"Sex is full of lies. The body tries to tell the truth. But, it's usually too battered with rules to be heard, and bound with pretenses so it can hardly move. We cripple ourselves with lies."
Where did my orgasm go?
I am on a road to self-discovery and what I have learned has been over whelming. See; over eight years ago I had emergency surgery to save my life. It left me with some nerve damage. I have decreased sensation in my legs and bladder, and I have severe pain in my back. At that time I just assumed that arousal would be out of the question! I never realized that I was shutting myself off to achieving orgasm. I thought my inability was caused by my body, my medications or the depression. Over the last few years I struggled to come to terms with the fact that my health issues had changed my sexual being. I had pretty much decided that if I could please my husband, have fun and connect with him I was happy and fulfilled. I would sometimes be able to achieve an orgasm and that would be glorious. I would remember how great it felt to orgasm and want more. When I would try for more however, I would find it impossible. It became hard work to have an orgasm, so I would give up. This became a horrible cycle. I gave up trying and justified this by saying,"It will happen when it happens."
I have started trying to resolve some other issues in my life over the last few months. I found that I have a whole lot of unresolved issues! As I began to work through some of these issues I found that I was able to become aroused more easily. This lead to my biggest question: If I can masturbate to orgasm why can't I have an orgasm as easily during sex with my husband?

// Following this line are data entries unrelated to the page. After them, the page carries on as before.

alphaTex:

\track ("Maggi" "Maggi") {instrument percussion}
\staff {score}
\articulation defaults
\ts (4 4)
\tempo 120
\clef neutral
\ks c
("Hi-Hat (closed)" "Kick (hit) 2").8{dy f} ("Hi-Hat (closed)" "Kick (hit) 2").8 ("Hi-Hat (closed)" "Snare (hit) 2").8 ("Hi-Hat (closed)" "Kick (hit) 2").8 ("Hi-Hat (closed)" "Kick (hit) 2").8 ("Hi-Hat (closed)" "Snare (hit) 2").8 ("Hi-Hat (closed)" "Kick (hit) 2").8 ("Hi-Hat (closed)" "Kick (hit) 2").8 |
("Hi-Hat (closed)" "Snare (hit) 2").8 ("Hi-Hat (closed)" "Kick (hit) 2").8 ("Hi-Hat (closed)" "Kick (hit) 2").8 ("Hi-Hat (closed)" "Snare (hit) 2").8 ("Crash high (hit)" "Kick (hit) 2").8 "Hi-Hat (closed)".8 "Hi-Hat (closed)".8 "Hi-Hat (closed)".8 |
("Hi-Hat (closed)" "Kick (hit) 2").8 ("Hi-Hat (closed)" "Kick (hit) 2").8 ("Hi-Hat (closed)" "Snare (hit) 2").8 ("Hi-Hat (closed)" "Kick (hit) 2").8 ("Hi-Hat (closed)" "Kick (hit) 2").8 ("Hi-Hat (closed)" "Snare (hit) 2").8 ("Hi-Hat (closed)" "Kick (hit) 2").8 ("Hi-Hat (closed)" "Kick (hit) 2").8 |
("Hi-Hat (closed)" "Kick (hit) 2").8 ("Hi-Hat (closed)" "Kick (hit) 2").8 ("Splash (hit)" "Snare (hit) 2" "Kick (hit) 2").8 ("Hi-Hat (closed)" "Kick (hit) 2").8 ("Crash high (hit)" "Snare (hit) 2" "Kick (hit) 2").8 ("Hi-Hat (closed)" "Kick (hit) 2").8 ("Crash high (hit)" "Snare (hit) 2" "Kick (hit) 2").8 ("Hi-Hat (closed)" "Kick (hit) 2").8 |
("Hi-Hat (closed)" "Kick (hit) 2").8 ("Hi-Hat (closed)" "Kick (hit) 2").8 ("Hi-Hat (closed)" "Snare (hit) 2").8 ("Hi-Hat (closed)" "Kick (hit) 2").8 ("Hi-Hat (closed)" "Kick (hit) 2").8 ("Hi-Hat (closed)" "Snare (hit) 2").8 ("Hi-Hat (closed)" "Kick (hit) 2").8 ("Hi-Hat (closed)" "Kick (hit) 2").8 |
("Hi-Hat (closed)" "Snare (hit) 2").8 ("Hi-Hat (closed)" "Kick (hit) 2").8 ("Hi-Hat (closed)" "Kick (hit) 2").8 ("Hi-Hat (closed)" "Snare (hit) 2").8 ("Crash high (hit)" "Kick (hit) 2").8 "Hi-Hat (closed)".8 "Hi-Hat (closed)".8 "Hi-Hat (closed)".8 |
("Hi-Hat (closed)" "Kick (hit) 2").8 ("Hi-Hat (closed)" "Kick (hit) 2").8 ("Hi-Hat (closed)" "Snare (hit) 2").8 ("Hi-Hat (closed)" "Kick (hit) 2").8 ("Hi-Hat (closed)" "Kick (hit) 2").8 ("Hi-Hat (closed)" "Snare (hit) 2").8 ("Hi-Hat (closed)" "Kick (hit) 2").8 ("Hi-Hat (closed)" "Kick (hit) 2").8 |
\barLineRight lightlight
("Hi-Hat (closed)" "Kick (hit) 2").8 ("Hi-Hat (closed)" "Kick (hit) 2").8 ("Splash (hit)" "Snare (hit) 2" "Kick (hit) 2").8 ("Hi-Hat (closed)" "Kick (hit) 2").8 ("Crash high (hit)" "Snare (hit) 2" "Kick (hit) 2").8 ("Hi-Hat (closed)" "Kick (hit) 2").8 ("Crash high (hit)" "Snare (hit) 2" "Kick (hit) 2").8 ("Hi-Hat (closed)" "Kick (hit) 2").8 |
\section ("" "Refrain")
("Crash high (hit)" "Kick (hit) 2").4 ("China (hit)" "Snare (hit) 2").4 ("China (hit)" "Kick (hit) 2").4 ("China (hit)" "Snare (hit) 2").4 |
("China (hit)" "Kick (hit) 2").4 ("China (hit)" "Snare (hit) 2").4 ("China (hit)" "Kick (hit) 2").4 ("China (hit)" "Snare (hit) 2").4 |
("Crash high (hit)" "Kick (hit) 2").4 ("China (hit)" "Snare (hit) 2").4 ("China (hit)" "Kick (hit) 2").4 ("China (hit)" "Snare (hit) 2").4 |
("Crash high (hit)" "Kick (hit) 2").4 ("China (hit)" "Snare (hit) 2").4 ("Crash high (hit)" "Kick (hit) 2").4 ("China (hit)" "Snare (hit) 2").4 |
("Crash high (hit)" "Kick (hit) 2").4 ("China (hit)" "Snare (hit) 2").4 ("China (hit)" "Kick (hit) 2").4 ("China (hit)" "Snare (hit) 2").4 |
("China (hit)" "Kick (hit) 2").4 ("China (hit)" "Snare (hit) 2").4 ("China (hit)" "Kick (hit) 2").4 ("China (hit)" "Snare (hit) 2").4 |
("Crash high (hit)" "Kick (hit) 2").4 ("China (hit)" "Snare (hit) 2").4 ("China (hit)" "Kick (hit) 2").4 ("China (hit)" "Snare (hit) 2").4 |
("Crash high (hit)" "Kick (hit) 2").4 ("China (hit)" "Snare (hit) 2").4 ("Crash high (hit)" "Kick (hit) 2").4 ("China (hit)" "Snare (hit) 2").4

I began to look for answers and I had found some good resources. One of them was a book called "The Elusive Orgasm" by Vivienne Cass Ph.D. and I am currently working through it. I am finding out more and more about my body, my emotions and the real reason I am having trouble achieving orgasm when I want it. I thought it was my nerve disorder that had taken away any real hope of having an orgasm. The problem with this theory was the fact that I was able to masturbate and have an orgasm when I was by myself, but I couldn't achieve orgasm reliably with my husband. This was the pattern of my orgasms. I also realized that I will plateau when having sex with my husband. I let him bring me to a certain point of pleasure and then I cut it off. I start thinking of things I have to do or didn't do. My mind wanders and one of the biggest obstacles is the fact that my kids are now teenagers and our walls are so very thin. I am so afraid they will hear us, knock on the door and want something, or just generally be nosy. I would also think about how my body looked while having sex. I learned by reading and really digging into my own life that I was the problem- I was blocking my own orgasm!
I have learned that I put myself last; like most women do. Even when we have sex I want him to relax and to be stress free. I want to make him feel good, and I forgot that it is okay to let him make me feel good. I am worth the time he is willing to put in. Somewhere along the way I had forgotten this.

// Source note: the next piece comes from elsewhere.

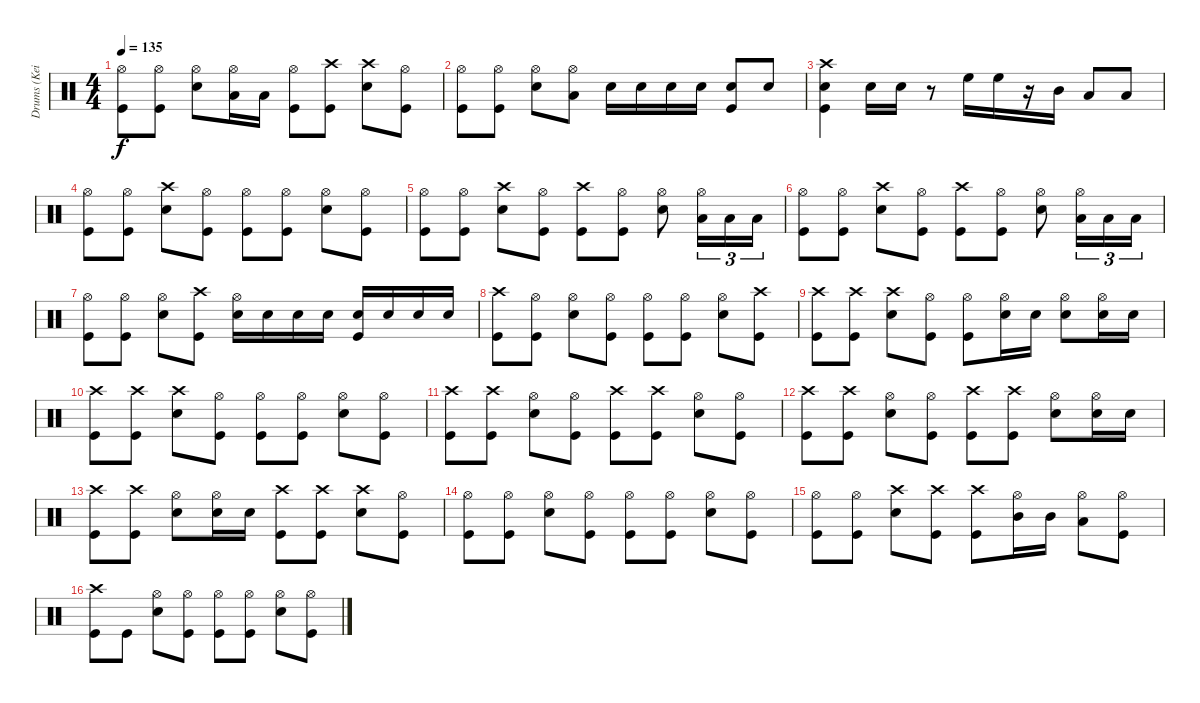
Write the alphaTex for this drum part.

There are several quizzes throughout "The Elusive Orgasm", but the one that got to me the most was when she gave a exercise that was meant to stimulate the body through the mind. The author asked me to sit back and close my eyes. I was to fill my mind with visions of sex in as much detail as possible. At first I really couldn't do it. I persisted and after a few times I could feel myself getting aroused. I was shocked! I never thought of myself as being a visual person. I was able to make myself feel good just by thinking. I could have masturbated at that point but I wanted to just feel what I did without the distraction. It was a great feeling of letting go and doing something different.
I am telling myself, every day, that I am worth the time I am putting in. I am also trying to take time during the day to stop and really feel how I feel. I have to say this is weird! Most of the time all I come up with is I'm tired. I find that I can feel how each body part feels. Like; my back may hurt but when I focus on the sensations I find that I am somewhat turned on. I never stopped to notice this before and it's great. I know now that I can simply feel and stimulate myself. I know, now, that my husband can stimulate me as well. I know that I am on the right track because I am feeling very different about myself.

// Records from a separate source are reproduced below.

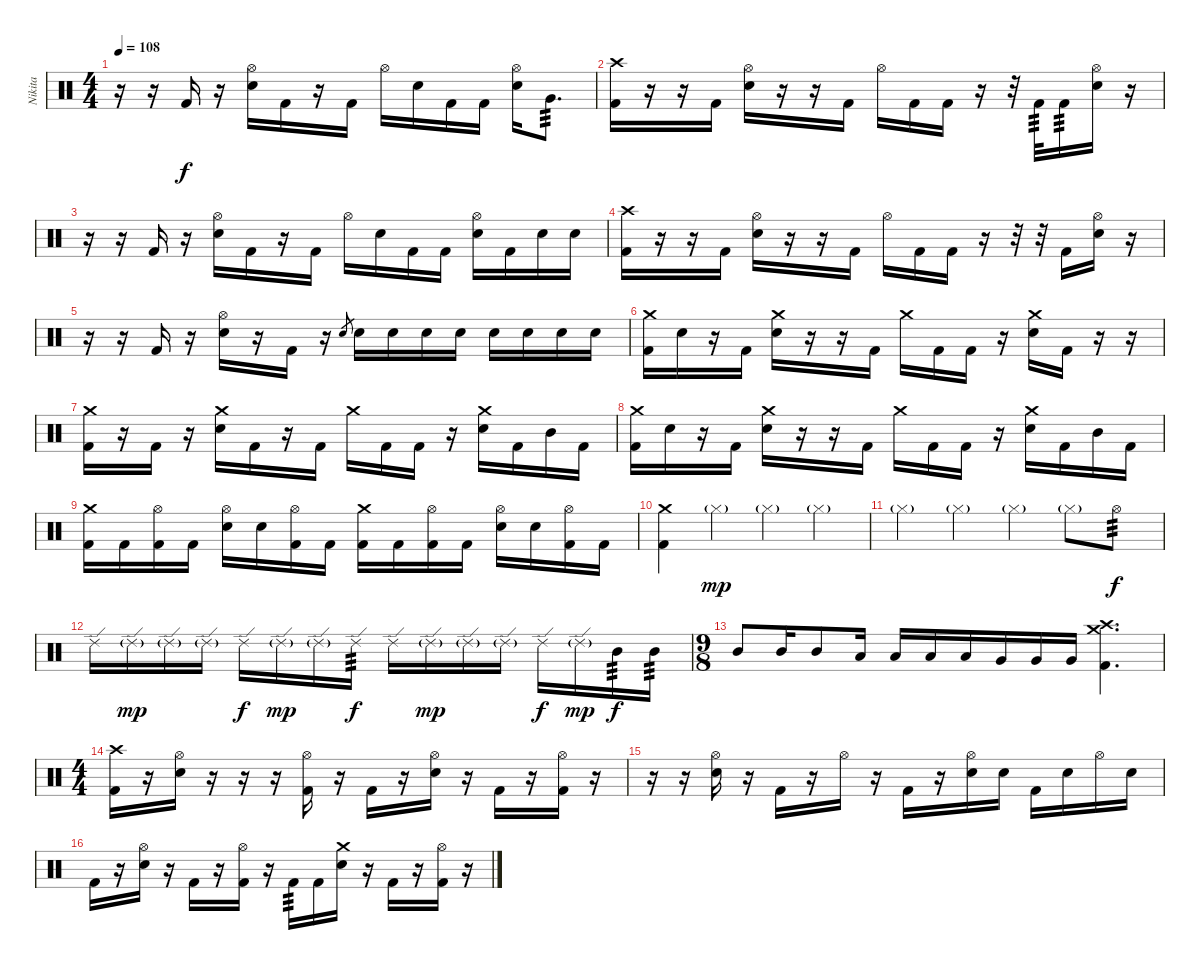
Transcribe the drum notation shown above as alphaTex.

\track ("Nikita" "Nikita") {instrument percussion}
\staff {score}
\articulation defaults
\ts (4 4)
\tempo 108
\clef neutral
\ks c
r.16{dy f} r.16 "Kick (hit) 2".16 r.16 ("Hi-Hat (open)" "Electric Snare (hit)").16 "Kick (hit) 2".16 r.16 "Kick (hit) 2".16 "Hi-Hat (open)".16 "Electric Snare (hit)".16 "Kick (hit) 2".16 "Kick (hit) 2".16 ("Hi-Hat (open)" "Electric Snare (hit)").16 "Very Low Tom (hit)".8{d tp 3} |
("Crash high (hit)" "Kick (hit) 2").16 r.16 r.16 "Kick (hit) 2".16 ("Hi-Hat (open)" "Electric Snare (hit)").16 r.16 r.16 "Kick (hit) 2".16 "Hi-Hat (open)".16 "Kick (hit) 2".16 "Kick (hit) 2".16 r.16 r.32 "Kick (hit) 2".32{tp 3} "Kick (hit) 2".16{tp 3} ("Hi-Hat (open)" "Electric Snare (hit)").16 r.16 |
r.16 r.16 "Kick (hit) 2".16 r.16 ("Hi-Hat (open)" "Electric Snare (hit)").16 "Kick (hit) 2".16 r.16 "Kick (hit) 2".16 "Hi-Hat (open)".16 "Electric Snare (hit)".16 "Kick (hit) 2".16 "Kick (hit) 2".16 ("Hi-Hat (open)" "Electric Snare (hit)").16 "Kick (hit) 2".16 "Electric Snare (hit)".16 "Electric Snare (hit)".16 |
("Crash high (hit)" "Kick (hit) 2").16 r.16 r.16 "Kick (hit) 2".16 ("Hi-Hat (open)" "Electric Snare (hit)").16 r.16 r.16 "Kick (hit) 2".16 "Hi-Hat (open)".16 "Kick (hit) 2".16 "Kick (hit) 2".16 r.16 r.32 r.32 "Kick (hit) 2".16 ("Hi-Hat (open)" "Electric Snare (hit)").16 r.16 |
r.16 r.16 "Kick (hit) 2".16 r.16 ("Hi-Hat (open)" "Electric Snare (hit)").16 r.16 "Kick (hit) 2".16 r.16 "Electric Snare (hit)".8{gr} "Electric Snare (hit)".16 "Electric Snare (hit)".16 "Electric Snare (hit)".16 "Electric Snare (hit)".16 "Electric Snare (hit)".16 "Electric Snare (hit)".16 "Electric Snare (hit)".16 "Electric Snare (hit)".16 |
("Crash medium (hit)" "Kick (hit) 2").16 "Electric Snare (hit)".16 r.16 "Kick (hit) 2".16 ("Crash medium (hit)" "Electric Snare (hit)").16 r.16 r.16 "Kick (hit) 2".16 "Crash medium (hit)".16 "Kick (hit) 2".16 "Kick (hit) 2".16 r.16 ("Crash medium (hit)" "Electric Snare (hit)").16 "Kick (hit) 2".16 r.16 r.16 |
("Crash medium (hit)" "Kick (hit) 2").16 r.16 "Kick (hit) 2".16 r.16 ("Crash medium (hit)" "Electric Snare (hit)").16 "Kick (hit) 2".16 r.16 "Kick (hit) 2".16 "Crash medium (hit)".16 "Kick (hit) 2".16 "Kick (hit) 2".16 r.16 ("Crash medium (hit)" "Electric Snare (hit)").16 "Kick (hit) 2".16 "Mid Tom (hit)".16 "Kick (hit) 2".16 |
("Crash medium (hit)" "Kick (hit) 2").16 "Electric Snare (hit)".16 r.16 "Kick (hit) 2".16 ("Crash medium (hit)" "Electric Snare (hit)").16 r.16 r.16 "Kick (hit) 2".16 "Crash medium (hit)".16 "Kick (hit) 2".16 "Kick (hit) 2".16 r.16 ("Crash medium (hit)" "Electric Snare (hit)").16 "Kick (hit) 2".16 "Mid Tom (hit)".16 "Kick (hit) 2".16 |
("Crash medium (hit)" "Kick (hit) 2").16 "Kick (hit) 2".16 ("Hi-Hat (open)" "Kick (hit) 2").16 "Kick (hit) 2".16 ("Hi-Hat (open)" "Electric Snare (hit)").16 "Electric Snare (hit)".16 ("Hi-Hat (open)" "Kick (hit) 2").16 "Kick (hit) 2".16 ("Crash medium (hit)" "Kick (hit) 2").16 "Kick (hit) 2".16 ("Hi-Hat (open)" "Kick (hit) 2").16 "Kick (hit) 2".16 ("Hi-Hat (open)" "Electric Snare (hit)").16 "Electric Snare (hit)".16 ("Hi-Hat (open)" "Kick (hit) 2").16 "Kick (hit) 2".16 |
("Crash medium (hit)" "Kick (hit) 2").4 "Hi-Hat (closed)"{g}.4{dy mp} "Hi-Hat (closed)"{g}.4 "Hi-Hat (closed)"{g}.4 |
"Hi-Hat (closed)"{g}.4 "Hi-Hat (closed)"{g}.4 "Hi-Hat (closed)"{g}.4 "Hi-Hat (closed)"{g}.8 "Hi-Hat (open)".8{tp 3 dy f} |
"Ride (edge) 2".16 "Ride (edge) 2"{g}.16{dy mp} "Ride (edge) 2"{g}.16 "Ride (edge) 2"{g}.16 "Ride (edge) 2".16{dy f} "Ride (edge) 2"{g}.16{dy mp} "Ride (edge) 2"{g}.16 "Ride (edge) 2".16{tp 3 dy f} "Ride (edge) 2".16 "Ride (edge) 2"{g}.16{dy mp} "Ride (edge) 2"{g}.16 "Ride (edge) 2"{g}.16 "Ride (edge) 2".16{dy f} "Ride (edge) 2"{g}.16{dy mp} "Mid Tom (hit)".16{tp 3 dy f} "Mid Tom (hit)".16{tp 3} |
\ts (9 8)
"Mid Tom (hit)".8 "Mid Tom (hit)".16 "Mid Tom (hit)".8 "Low Tom (hit)".16 "Low Tom (hit)".16 "Low Tom (hit)".16 "Low Tom (hit)".16 "Very Low Tom (hit)".16 "Very Low Tom (hit)".16 "Very Low Tom (hit)".16 ("Crash medium (hit)" "Crash high (hit)" "Kick (hit) 2").4{d} |
\ts (4 4)
("Crash high (hit)" "Kick (hit) 2").16 r.16 ("Hi-Hat (open)" "Electric Snare (hit)").16 r.16 r.16 r.16 ("Hi-Hat (open)" "Kick (hit) 2").16 r.16 "Kick (hit) 2".16 r.16 ("Hi-Hat (open)" "Electric Snare (hit)").16 r.16 "Kick (hit) 2".16 r.16 ("Hi-Hat (open)" "Kick (hit) 2").16 r.16 |
r.16 r.16 ("Hi-Hat (open)" "Electric Snare (hit)").16 r.16 "Kick (hit) 2".16 r.16 "Hi-Hat (open)".16 r.16 "Kick (hit) 2".16 r.16 ("Hi-Hat (open)" "Electric Snare (hit)").16 "Electric Snare (hit)".16 "Kick (hit) 2".16 "Electric Snare (hit)".16 "Hi-Hat (open)".16 "Electric Snare (hit)".16 |
"Kick (hit) 2".16 r.16 ("Hi-Hat (open)" "Electric Snare (hit)").16 r.16 "Kick (hit) 2".16 r.16 ("Hi-Hat (open)" "Kick (hit) 2").16 r.16 "Kick (hit) 2".16{tp 3} "Kick (hit) 2".16 ("Crash medium (hit)" "Electric Snare (hit)").16 r.16 "Kick (hit) 2".16 r.16 ("Hi-Hat (open)" "Kick (hit) 2").16 r.16

To keep me on track I wrote all my answers to my quizzes in my book. It has all my personal answers in the margins. I am going to let my husband read through it someday. I think if he sees and reads some of the book he can understand me better; how I work, so to speak, and it will make things easier for him.
I have already tried to come up with some of the answers to the problems I have. We are getting ready to move so the one thing we are going to fix is having the kids on another floor or on the other side of the house. This will let me relax and let go, and hopefully enjoy my orgasm. I am also working on letting him give me oral. I love when he does this but for some reason I have been unable to completely relax.
This whole process is slow, but I have learned so much in just a short time. I will keep working on this and will let everyone know if I find my "O".